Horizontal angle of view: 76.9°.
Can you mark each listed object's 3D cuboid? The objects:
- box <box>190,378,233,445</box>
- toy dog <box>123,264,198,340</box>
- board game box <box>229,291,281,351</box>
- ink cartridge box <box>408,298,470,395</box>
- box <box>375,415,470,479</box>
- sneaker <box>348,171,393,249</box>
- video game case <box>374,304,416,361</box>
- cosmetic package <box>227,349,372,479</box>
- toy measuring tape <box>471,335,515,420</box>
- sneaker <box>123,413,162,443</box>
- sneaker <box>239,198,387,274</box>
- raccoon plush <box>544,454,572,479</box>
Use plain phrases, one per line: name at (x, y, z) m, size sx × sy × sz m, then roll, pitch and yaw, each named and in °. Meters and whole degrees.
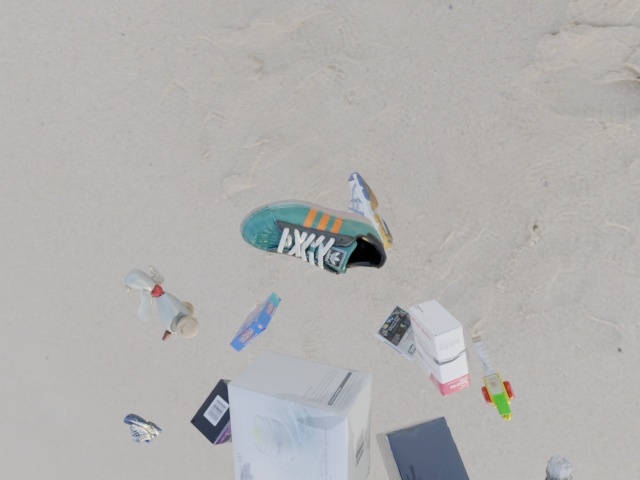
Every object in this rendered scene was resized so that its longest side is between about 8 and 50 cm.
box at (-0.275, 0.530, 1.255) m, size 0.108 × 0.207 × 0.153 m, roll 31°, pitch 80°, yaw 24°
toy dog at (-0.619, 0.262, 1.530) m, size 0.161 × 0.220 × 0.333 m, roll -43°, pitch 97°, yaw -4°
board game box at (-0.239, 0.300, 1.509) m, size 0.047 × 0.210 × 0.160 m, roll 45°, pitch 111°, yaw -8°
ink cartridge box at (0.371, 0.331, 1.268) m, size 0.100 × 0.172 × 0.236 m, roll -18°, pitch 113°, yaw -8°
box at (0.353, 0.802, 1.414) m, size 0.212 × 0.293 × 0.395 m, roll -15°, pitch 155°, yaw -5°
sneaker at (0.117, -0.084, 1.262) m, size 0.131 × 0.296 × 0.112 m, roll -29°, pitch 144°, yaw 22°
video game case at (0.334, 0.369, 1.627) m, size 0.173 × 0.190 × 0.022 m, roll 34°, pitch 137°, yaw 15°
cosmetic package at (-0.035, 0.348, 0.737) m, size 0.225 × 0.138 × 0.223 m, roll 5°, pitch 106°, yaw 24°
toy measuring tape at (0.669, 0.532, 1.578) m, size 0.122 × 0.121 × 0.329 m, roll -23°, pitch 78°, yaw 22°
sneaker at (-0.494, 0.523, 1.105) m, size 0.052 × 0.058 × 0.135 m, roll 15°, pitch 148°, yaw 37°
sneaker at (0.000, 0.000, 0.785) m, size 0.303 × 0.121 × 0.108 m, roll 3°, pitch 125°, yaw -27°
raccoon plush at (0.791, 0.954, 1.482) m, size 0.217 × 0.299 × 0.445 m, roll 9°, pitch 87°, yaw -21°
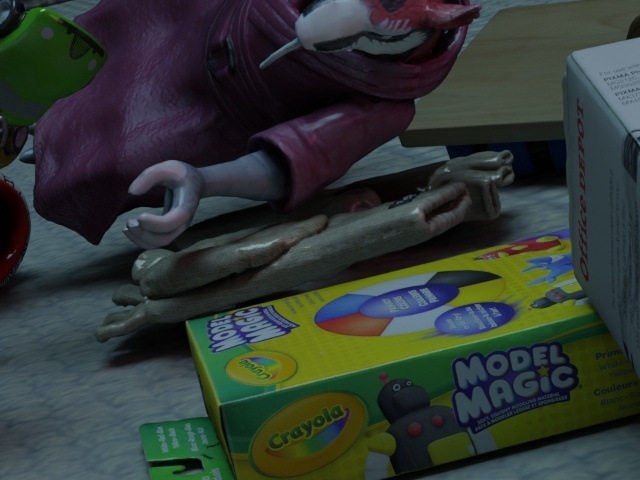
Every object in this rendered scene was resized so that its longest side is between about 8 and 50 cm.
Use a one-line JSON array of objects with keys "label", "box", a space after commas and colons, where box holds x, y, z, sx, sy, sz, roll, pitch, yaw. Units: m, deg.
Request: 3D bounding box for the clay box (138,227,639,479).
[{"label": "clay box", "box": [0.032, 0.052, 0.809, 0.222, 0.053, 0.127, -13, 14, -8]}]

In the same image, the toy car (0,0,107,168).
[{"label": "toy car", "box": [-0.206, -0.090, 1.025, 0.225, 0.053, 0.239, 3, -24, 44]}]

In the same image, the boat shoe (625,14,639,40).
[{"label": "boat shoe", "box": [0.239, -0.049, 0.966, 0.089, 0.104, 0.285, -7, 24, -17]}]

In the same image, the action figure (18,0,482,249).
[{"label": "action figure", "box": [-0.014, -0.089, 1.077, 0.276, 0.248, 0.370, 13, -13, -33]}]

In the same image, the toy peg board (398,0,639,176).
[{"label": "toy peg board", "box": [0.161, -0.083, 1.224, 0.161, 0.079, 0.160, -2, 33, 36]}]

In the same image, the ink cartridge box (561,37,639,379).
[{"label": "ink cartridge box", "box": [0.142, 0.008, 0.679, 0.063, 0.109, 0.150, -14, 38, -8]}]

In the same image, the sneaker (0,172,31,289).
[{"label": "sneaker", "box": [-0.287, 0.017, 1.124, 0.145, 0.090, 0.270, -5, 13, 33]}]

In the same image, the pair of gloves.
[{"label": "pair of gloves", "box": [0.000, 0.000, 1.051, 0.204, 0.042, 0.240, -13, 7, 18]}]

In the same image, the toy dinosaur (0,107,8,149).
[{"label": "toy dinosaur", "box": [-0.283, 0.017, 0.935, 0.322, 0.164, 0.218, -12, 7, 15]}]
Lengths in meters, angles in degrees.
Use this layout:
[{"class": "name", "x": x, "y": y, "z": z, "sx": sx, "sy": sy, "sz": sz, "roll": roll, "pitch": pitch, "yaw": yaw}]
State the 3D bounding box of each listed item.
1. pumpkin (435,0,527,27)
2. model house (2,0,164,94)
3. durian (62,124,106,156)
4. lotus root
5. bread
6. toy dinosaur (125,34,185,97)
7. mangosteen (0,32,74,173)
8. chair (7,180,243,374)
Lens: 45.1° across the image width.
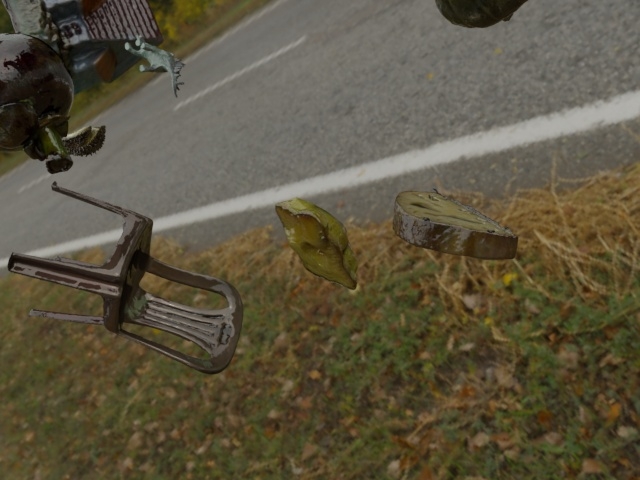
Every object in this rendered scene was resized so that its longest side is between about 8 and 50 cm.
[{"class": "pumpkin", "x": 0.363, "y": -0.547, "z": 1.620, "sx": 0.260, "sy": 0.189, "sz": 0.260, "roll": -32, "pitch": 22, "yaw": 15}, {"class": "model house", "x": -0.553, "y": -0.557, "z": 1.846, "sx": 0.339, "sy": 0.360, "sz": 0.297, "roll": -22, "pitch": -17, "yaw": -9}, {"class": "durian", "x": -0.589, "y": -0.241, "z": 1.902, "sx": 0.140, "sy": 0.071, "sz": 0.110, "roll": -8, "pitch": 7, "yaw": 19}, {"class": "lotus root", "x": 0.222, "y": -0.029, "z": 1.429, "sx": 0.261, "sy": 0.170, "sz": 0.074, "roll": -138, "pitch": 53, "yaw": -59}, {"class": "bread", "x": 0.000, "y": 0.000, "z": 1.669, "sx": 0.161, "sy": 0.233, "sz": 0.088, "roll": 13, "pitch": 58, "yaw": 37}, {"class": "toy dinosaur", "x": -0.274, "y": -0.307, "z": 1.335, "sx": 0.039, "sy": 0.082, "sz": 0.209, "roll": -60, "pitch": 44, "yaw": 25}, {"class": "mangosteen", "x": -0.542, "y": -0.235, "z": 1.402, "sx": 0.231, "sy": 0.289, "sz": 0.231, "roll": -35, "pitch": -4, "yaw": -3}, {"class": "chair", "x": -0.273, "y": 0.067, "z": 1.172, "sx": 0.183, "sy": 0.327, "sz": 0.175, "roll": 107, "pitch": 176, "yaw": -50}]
---
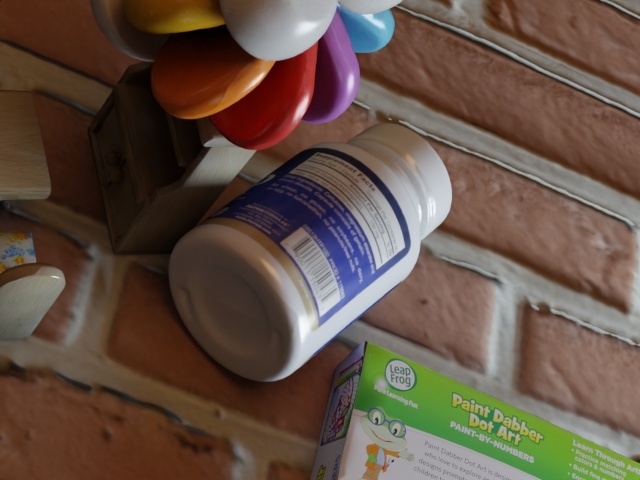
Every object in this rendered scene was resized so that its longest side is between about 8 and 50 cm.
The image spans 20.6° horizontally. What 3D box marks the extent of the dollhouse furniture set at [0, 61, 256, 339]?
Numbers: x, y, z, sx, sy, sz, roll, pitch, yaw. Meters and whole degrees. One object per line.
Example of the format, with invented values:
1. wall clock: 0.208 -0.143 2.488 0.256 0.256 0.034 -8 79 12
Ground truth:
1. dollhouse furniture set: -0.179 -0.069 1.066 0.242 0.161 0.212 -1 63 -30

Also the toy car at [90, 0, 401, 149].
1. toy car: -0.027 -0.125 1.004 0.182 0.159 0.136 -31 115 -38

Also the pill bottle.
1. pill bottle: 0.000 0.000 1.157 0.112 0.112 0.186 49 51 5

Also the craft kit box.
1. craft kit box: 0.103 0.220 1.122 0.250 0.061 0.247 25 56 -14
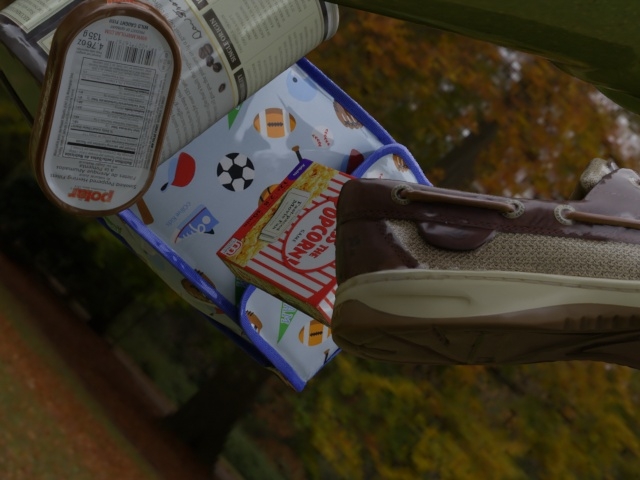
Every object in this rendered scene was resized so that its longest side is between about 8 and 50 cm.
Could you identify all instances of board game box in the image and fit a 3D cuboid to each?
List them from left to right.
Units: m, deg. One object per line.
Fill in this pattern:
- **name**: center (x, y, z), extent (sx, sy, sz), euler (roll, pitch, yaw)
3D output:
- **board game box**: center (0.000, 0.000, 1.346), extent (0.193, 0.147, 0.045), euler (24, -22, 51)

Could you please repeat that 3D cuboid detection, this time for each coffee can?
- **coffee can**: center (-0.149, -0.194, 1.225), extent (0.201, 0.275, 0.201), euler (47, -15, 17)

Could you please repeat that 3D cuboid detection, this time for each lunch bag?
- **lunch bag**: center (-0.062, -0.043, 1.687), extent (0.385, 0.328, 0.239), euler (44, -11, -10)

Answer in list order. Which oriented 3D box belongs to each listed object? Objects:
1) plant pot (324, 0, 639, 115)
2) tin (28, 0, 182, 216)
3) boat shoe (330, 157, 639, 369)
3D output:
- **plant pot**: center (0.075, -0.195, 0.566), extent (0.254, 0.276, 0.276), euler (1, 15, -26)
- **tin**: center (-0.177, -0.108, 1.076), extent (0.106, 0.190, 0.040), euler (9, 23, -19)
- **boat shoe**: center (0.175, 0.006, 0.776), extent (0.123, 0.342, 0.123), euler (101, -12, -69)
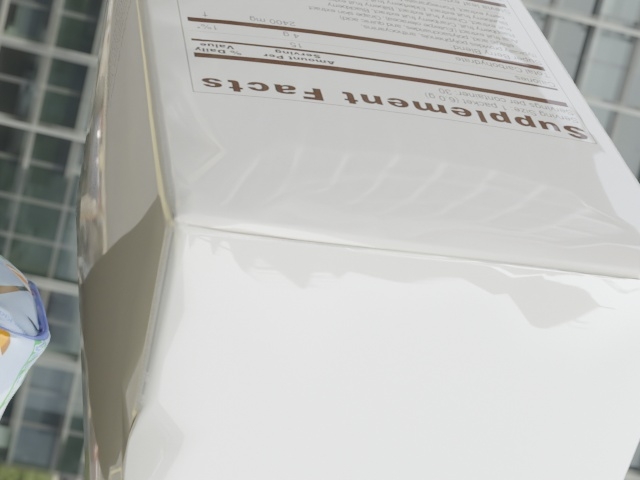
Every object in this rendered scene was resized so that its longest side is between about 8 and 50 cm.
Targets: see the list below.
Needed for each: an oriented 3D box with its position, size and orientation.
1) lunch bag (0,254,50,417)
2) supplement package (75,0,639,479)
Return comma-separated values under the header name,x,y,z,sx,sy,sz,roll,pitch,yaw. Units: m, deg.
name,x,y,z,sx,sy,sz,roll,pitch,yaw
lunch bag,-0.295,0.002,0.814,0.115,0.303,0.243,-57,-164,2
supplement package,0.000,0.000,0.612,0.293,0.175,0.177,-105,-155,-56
* * *
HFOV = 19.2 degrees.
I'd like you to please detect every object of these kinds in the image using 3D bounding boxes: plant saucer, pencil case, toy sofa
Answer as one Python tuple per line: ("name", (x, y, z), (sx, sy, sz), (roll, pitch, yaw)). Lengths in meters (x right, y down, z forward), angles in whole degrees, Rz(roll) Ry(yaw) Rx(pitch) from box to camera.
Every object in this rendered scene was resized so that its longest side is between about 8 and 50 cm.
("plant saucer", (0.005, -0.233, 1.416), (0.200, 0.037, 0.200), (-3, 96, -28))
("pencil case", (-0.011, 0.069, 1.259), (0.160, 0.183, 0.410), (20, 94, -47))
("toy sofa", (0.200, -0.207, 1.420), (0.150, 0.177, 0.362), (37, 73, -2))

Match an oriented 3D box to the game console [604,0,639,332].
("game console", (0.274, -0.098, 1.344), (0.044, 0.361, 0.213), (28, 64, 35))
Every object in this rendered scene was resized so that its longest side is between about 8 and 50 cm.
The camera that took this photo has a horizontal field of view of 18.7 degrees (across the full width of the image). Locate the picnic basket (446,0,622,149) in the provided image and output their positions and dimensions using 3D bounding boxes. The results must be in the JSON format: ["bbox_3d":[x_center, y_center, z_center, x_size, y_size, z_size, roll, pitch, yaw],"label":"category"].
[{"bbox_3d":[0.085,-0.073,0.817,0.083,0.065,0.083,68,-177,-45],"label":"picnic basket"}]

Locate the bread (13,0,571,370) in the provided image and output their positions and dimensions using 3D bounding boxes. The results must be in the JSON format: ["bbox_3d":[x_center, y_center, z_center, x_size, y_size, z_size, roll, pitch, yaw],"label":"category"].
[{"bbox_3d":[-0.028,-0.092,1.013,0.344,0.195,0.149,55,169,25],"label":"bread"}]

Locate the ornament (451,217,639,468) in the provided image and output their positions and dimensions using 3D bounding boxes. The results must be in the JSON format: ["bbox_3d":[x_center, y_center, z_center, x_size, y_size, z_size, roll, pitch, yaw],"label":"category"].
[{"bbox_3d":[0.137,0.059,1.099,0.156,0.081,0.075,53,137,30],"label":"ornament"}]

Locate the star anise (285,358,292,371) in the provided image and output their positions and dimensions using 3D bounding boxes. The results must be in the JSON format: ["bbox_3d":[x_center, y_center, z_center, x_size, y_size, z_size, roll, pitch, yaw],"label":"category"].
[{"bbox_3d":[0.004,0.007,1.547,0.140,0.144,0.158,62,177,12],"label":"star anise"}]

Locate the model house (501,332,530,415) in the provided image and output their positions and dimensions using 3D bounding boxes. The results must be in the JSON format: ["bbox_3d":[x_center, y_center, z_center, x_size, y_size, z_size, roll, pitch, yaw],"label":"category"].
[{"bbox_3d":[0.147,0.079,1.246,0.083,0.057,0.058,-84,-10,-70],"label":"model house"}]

*TASK PROMPT*. Return, exactly as they stand, the lines above from the one with "Could you identify" to the one with "1) lunch bag (0,254,50,417)", omitting any pictures among them.

*RESPONSE TO THE TASK*.
Could you identify all instances of board game box in the image and fit a 3D cuboid to each?
List them from left to right.
Units: m, deg. One object per line.
Fill in this pattern:
- **name**: center (x, y, z), extent (sx, sy, sz), euler (roll, pitch, yaw)
3D output:
- **board game box**: center (0.000, 0.000, 1.346), extent (0.193, 0.147, 0.045), euler (24, -22, 51)

Could you please repeat that 3D cuboid detection, this time for each coffee can?
- **coffee can**: center (-0.149, -0.194, 1.225), extent (0.201, 0.275, 0.201), euler (47, -15, 17)

Could you please repeat that 3D cuboid detection, this time for each lunch bag?
- **lunch bag**: center (-0.062, -0.043, 1.687), extent (0.385, 0.328, 0.239), euler (44, -11, -10)

Answer in list order. Which oriented 3D box belongs to each listed object? Objects:
1) plant pot (324, 0, 639, 115)
2) tin (28, 0, 182, 216)
3) boat shoe (330, 157, 639, 369)
3D output:
- **plant pot**: center (0.075, -0.195, 0.566), extent (0.254, 0.276, 0.276), euler (1, 15, -26)
- **tin**: center (-0.177, -0.108, 1.076), extent (0.106, 0.190, 0.040), euler (9, 23, -19)
- **boat shoe**: center (0.175, 0.006, 0.776), extent (0.123, 0.342, 0.123), euler (101, -12, -69)
Every object in this rendered scene was resized so that its longest side is between about 8 and 50 cm.
Targets: see the list below.
Needed for each: an oriented 3D box with its position, size and orientation.
1) lunch bag (0,254,50,417)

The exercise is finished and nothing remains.